ACTION ITEM: Find the lines below holding the word "with" and copy each of them.

Items listed in a dataset
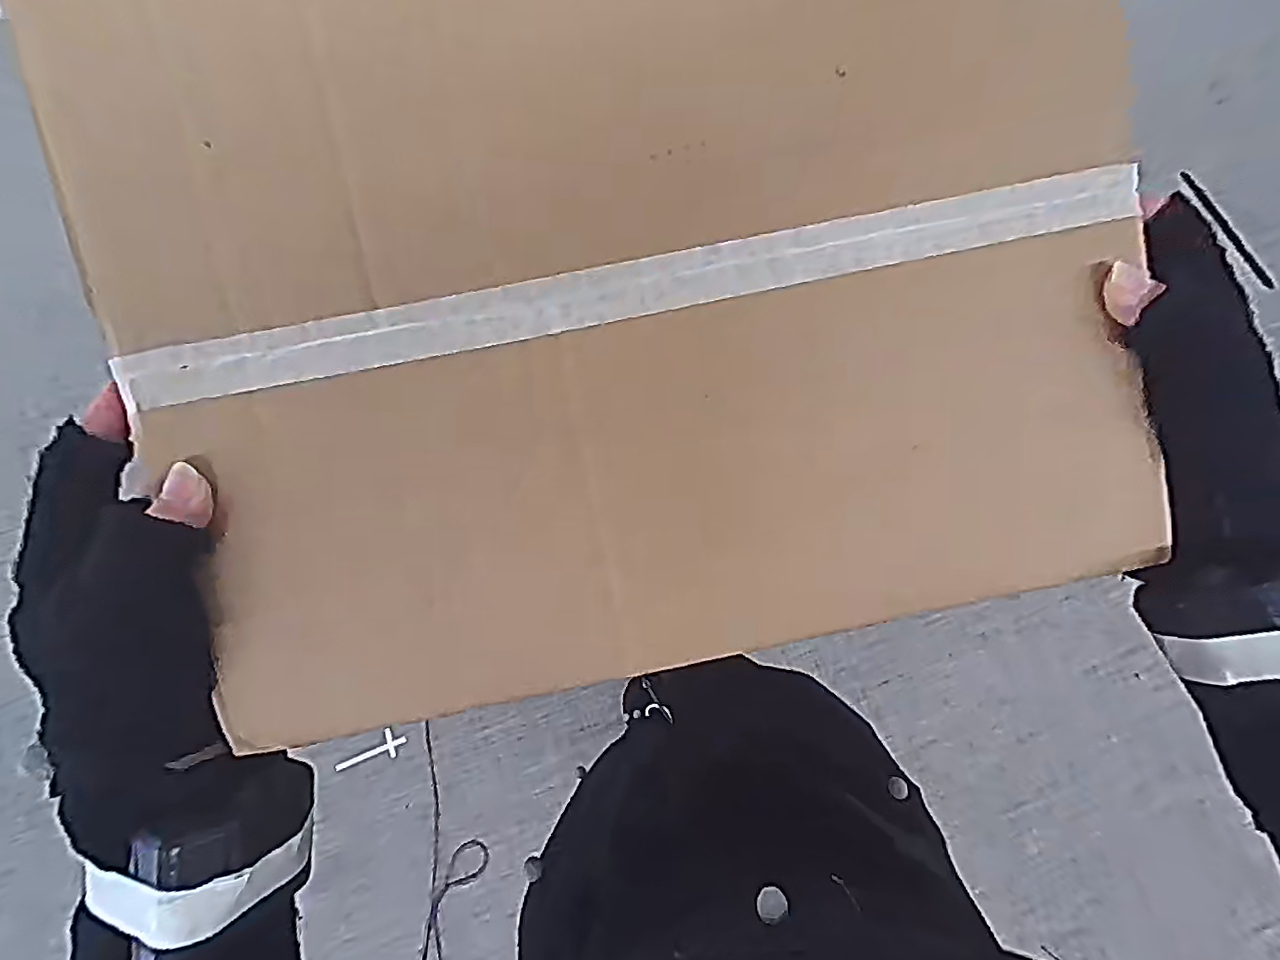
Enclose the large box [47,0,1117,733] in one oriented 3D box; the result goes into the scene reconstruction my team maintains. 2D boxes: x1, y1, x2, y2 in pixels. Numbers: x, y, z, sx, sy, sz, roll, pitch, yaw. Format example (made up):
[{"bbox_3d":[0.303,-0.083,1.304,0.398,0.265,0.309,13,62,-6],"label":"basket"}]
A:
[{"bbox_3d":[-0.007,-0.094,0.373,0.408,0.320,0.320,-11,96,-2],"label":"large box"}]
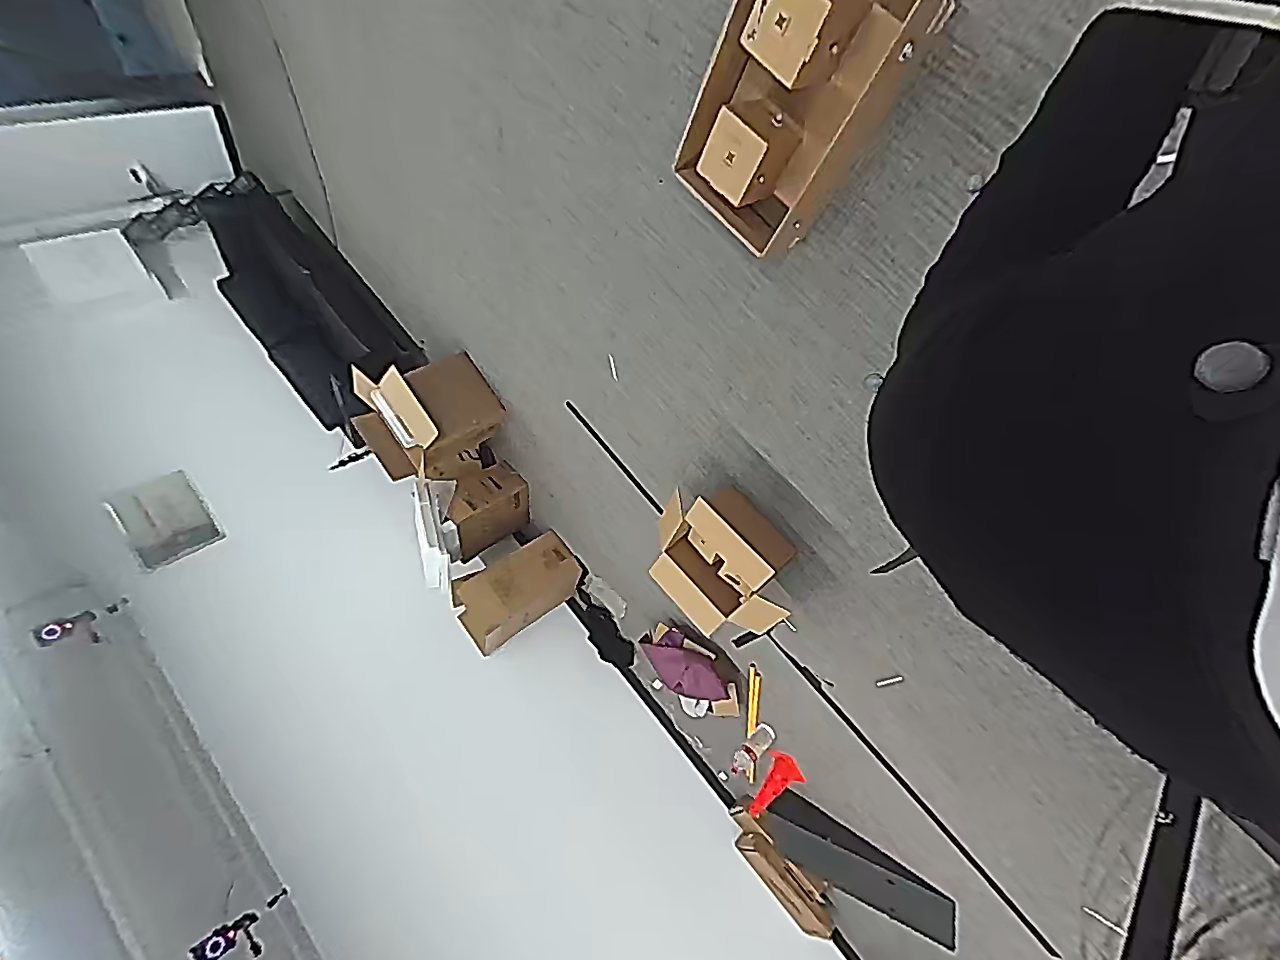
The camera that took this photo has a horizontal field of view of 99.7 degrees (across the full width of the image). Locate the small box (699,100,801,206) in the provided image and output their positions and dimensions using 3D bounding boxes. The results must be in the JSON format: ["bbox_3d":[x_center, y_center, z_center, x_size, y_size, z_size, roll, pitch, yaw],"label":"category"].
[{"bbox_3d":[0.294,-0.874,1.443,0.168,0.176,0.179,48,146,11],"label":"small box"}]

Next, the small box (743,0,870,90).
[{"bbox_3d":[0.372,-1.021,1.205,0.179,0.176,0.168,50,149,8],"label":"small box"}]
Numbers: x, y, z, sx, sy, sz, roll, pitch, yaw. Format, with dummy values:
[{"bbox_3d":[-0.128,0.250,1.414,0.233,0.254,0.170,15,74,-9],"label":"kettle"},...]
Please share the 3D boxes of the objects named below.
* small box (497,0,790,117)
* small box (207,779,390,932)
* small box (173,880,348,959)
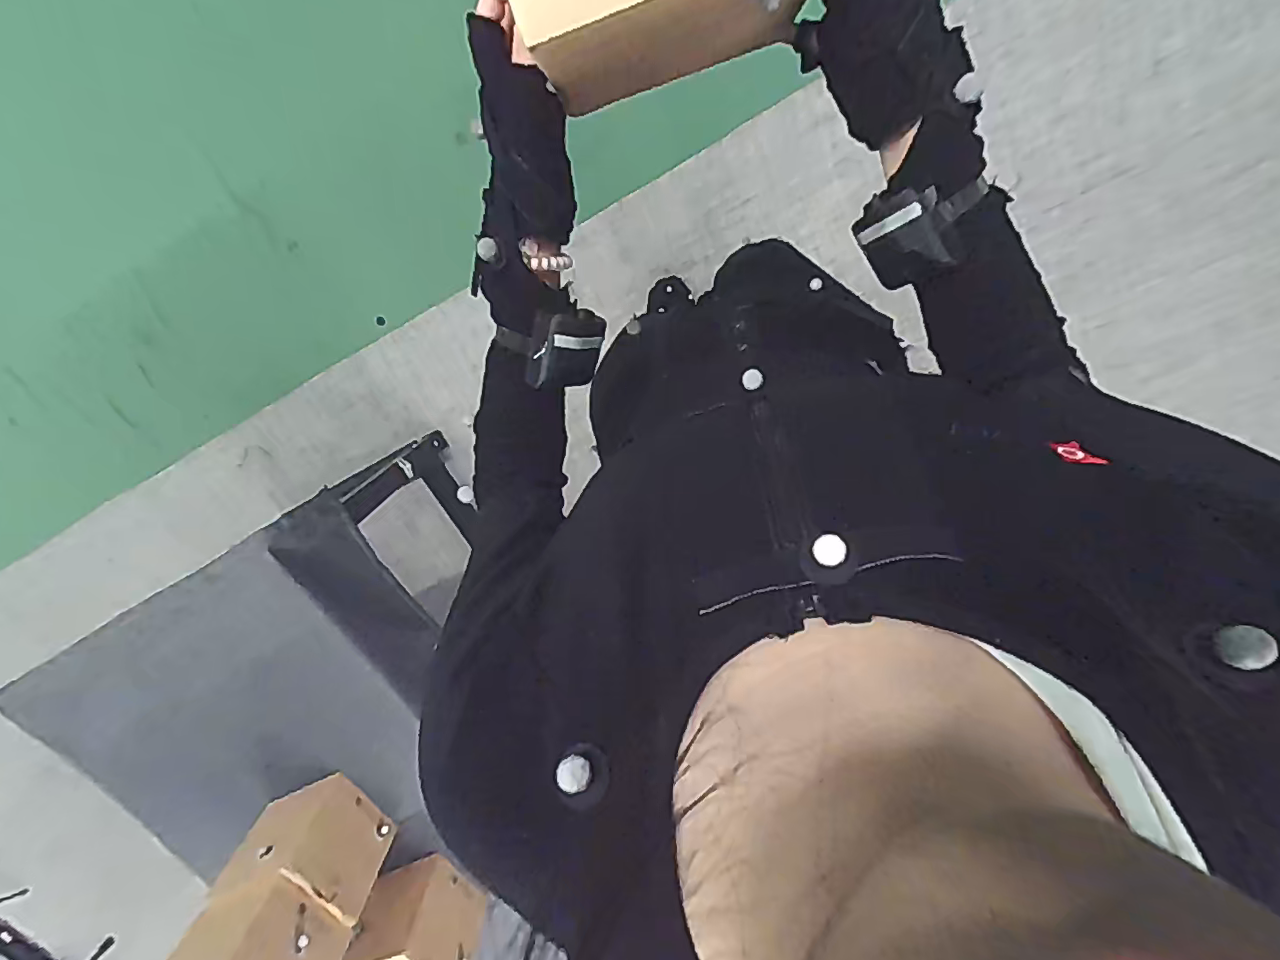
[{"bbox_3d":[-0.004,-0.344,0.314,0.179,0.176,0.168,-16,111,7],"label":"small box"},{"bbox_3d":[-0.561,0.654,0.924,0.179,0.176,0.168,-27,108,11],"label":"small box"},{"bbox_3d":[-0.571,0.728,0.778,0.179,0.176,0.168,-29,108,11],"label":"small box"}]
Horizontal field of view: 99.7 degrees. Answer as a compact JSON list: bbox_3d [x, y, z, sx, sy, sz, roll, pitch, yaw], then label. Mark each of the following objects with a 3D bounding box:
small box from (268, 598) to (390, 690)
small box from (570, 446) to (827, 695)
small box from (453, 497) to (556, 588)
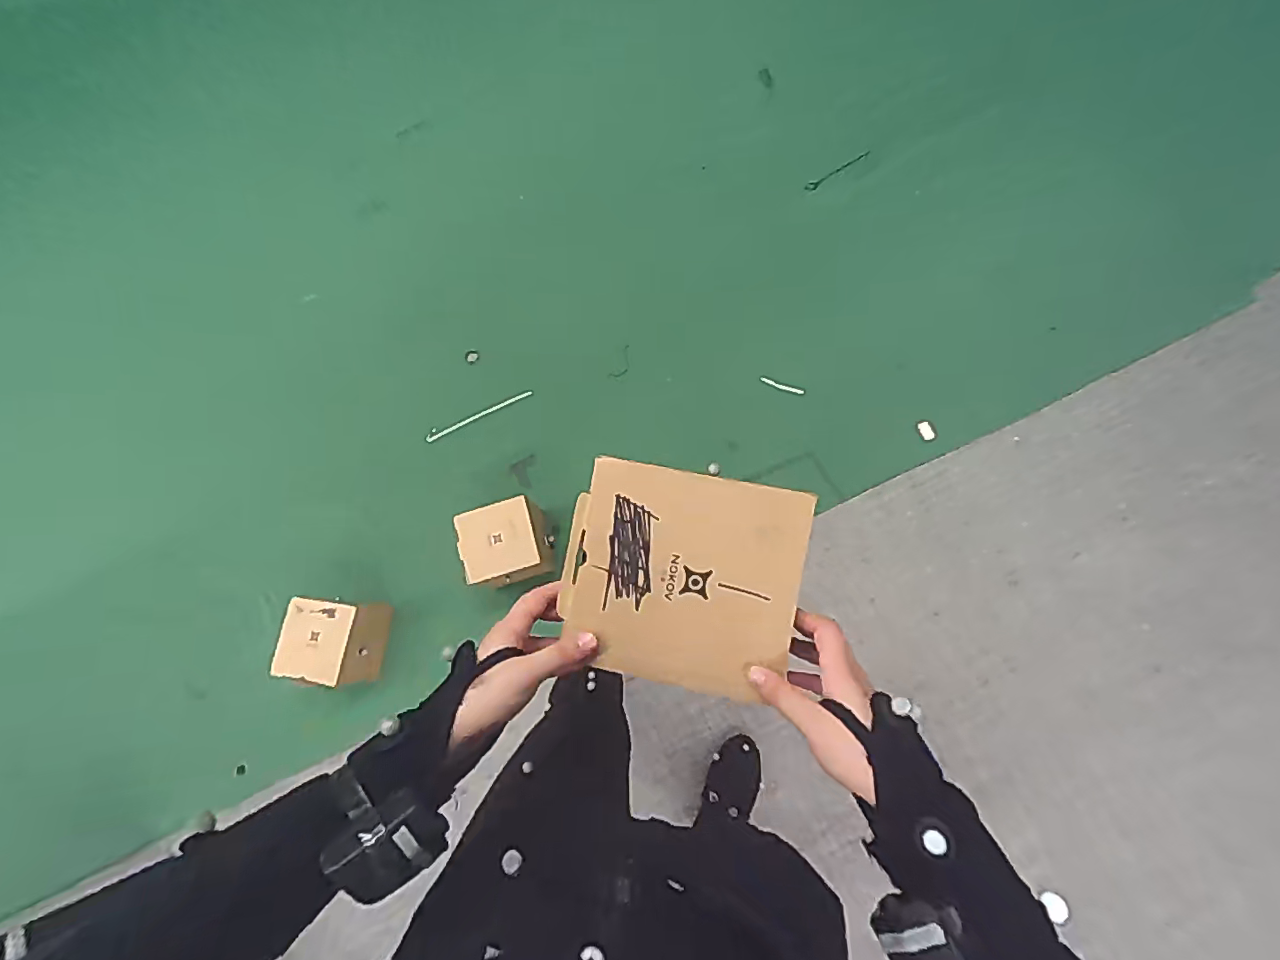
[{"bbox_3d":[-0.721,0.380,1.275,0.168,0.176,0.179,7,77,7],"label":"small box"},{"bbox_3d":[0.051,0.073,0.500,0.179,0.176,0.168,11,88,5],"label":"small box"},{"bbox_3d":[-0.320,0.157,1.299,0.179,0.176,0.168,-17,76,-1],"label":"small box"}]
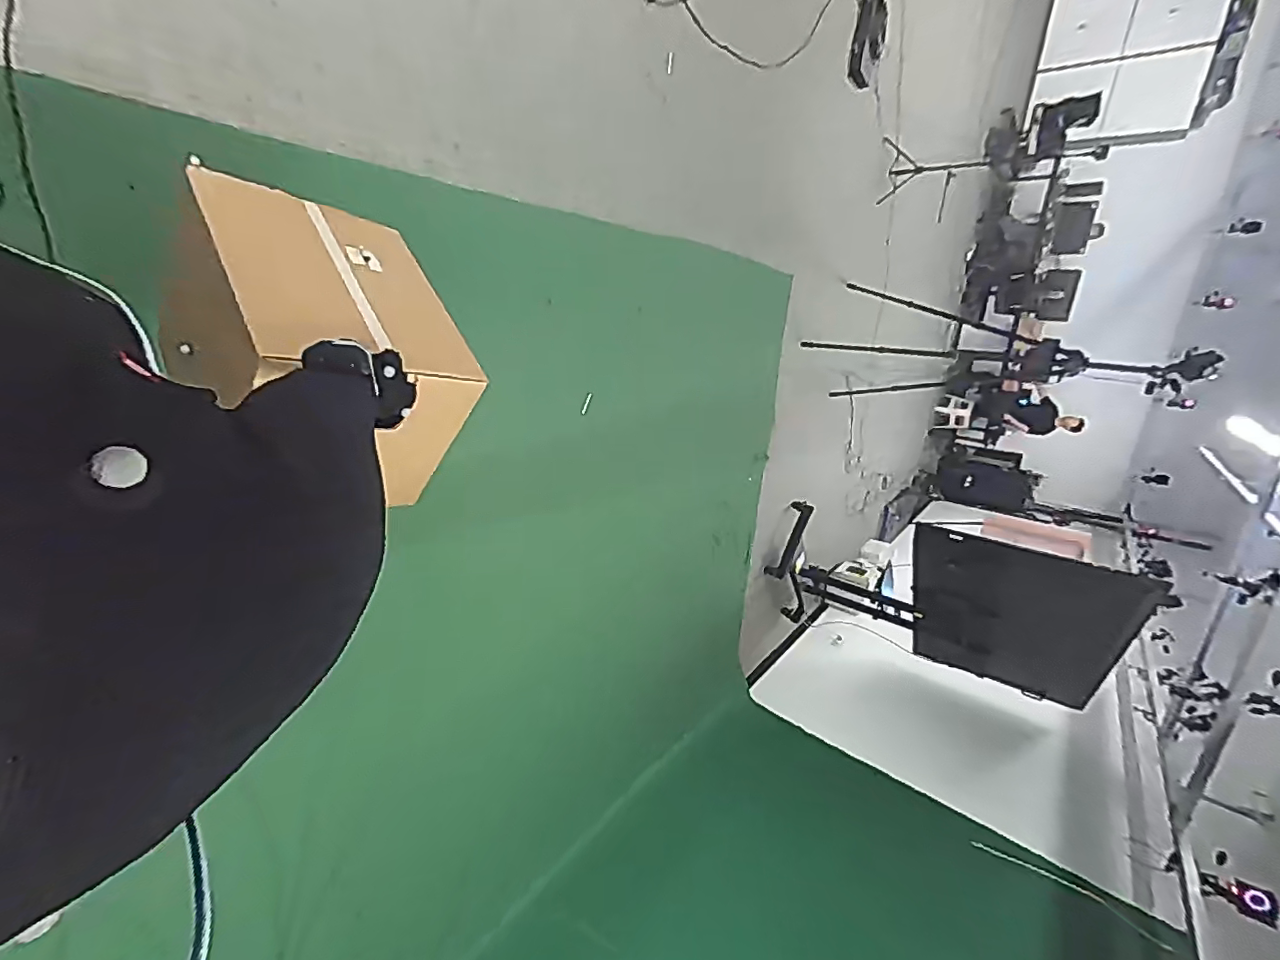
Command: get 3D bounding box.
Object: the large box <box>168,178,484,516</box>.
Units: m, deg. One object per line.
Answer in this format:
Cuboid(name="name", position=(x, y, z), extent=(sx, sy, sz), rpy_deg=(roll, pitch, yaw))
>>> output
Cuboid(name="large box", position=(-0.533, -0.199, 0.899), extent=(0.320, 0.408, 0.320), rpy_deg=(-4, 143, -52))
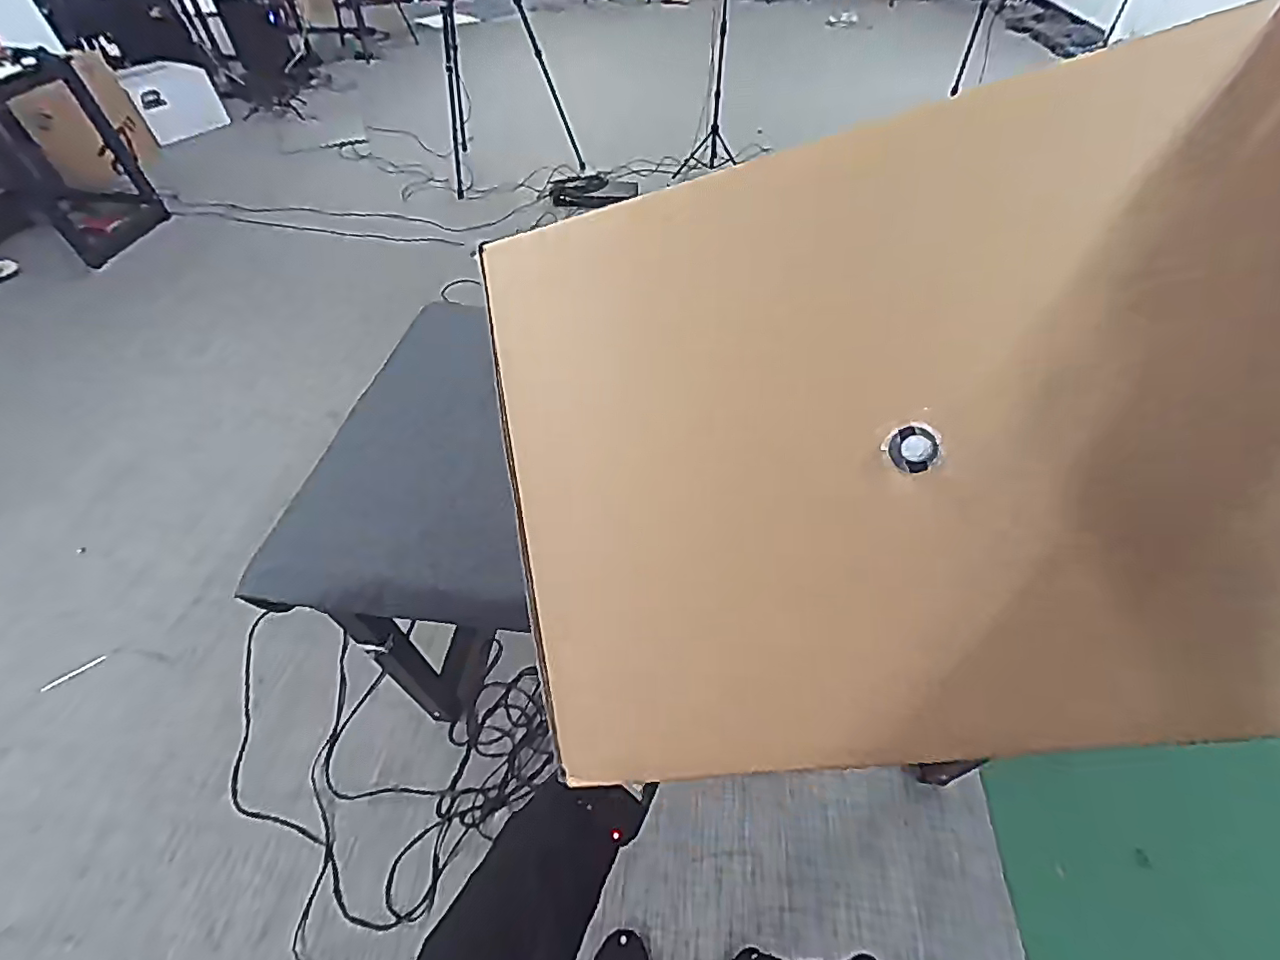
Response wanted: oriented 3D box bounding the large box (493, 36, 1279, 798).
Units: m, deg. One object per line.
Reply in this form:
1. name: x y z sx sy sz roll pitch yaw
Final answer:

FINISHED EXERCISE:
Numbers: x, y, z, sx, sy, sz, roll, pitch, yaw. Format, with dummy values:
Horizontal field of view: 99.7 degrees. Answer as a compact JSON list: bbox_3d [x, y, z, sx, sy, sz, roll, pitch, yaw], then label. Mark each of the following objects with a 3D bounding box:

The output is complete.